(Extracted data entries)
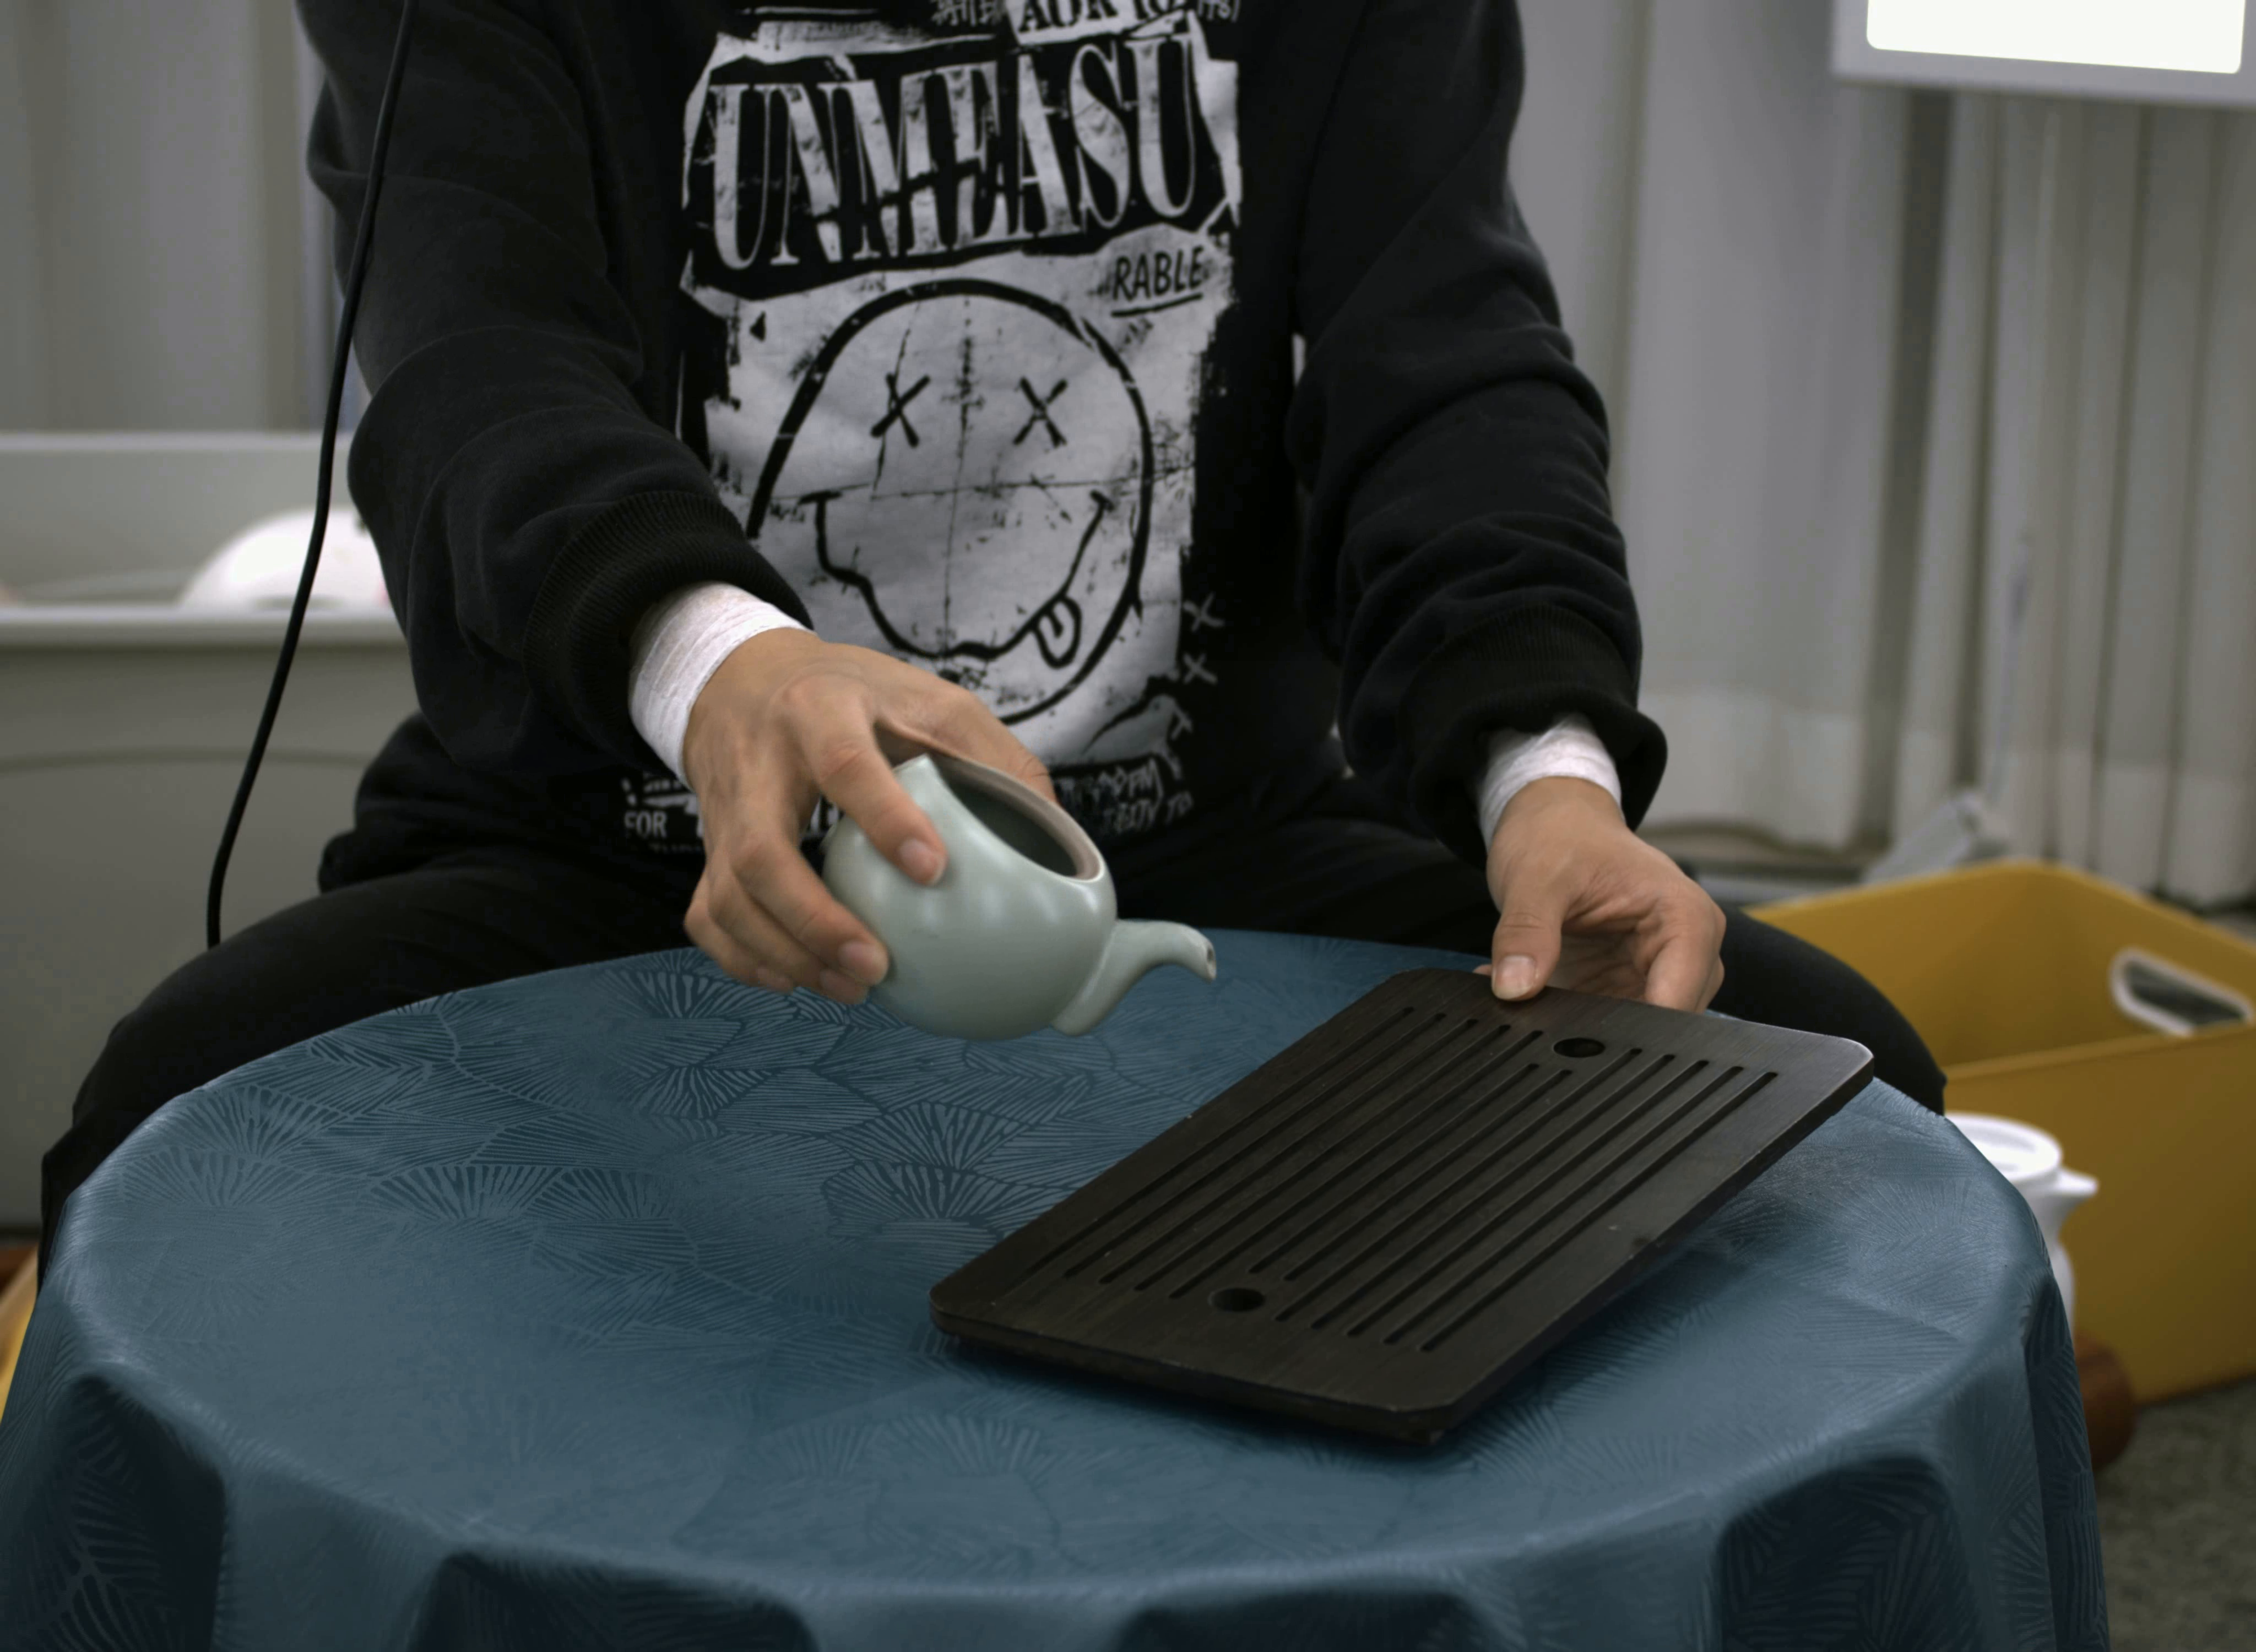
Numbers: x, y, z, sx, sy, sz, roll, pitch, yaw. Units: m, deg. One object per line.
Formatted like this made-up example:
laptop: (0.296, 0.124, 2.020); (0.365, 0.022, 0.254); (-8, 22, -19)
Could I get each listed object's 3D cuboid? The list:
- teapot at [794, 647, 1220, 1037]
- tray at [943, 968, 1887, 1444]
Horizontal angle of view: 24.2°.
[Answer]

TASK TO COMPLETE: Every line of the records above where the string "object" is found should be copied.

RESPONSE AREA:
Numbers: x, y, z, sx, sy, sz, roll, pitch, yaw. Units: m, deg. One object per line.
Could I get each listed object's 3D cuboid? The list:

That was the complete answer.